The task:
Your task is to transcribe the data exactly while omitting each picture.

Data below:

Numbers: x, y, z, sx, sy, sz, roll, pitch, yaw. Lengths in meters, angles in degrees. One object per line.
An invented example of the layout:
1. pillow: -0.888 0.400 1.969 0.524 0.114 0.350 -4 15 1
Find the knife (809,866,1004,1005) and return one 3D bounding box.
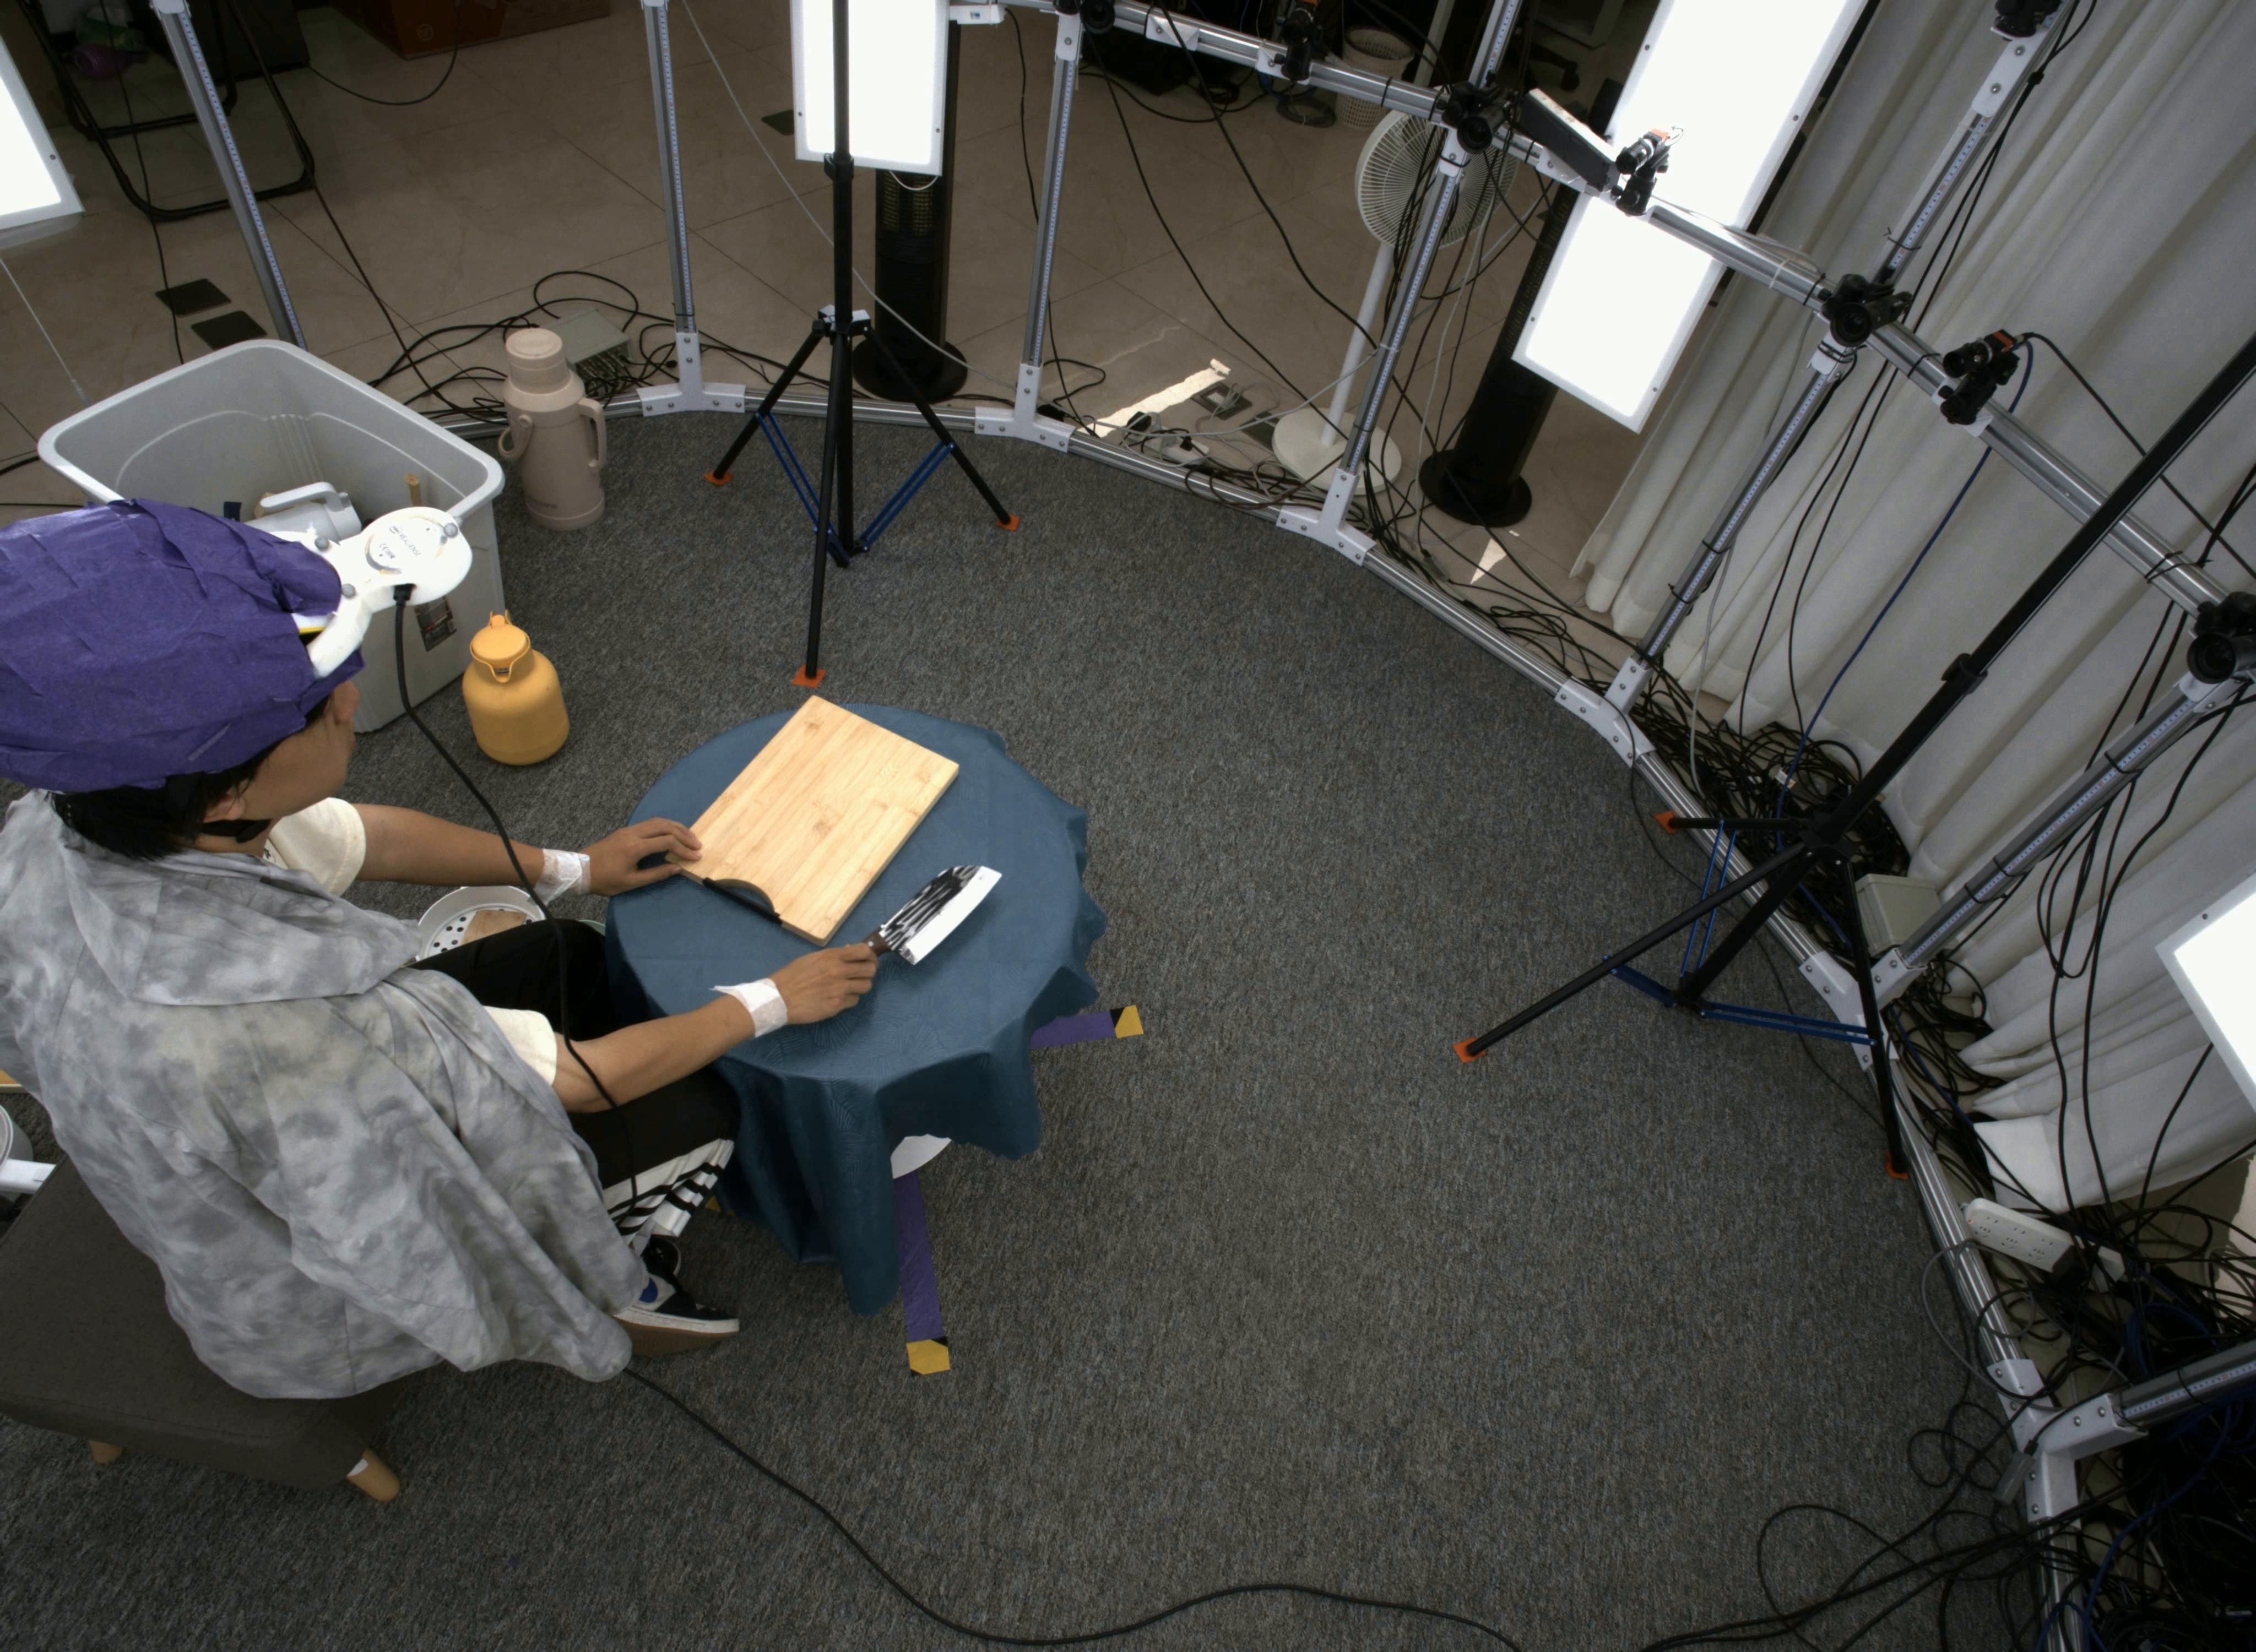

Solution to the problem:
Numbers: x, y, z, sx, sy, sz, roll, pitch, yaw. Lengths in meters, angles in degrees. One object per line.
An invented example of the layout:
1. pillow: -0.888 0.400 1.969 0.524 0.114 0.350 -4 15 1
Find the knife (809,866,1004,1005) and return one 3D bounding box.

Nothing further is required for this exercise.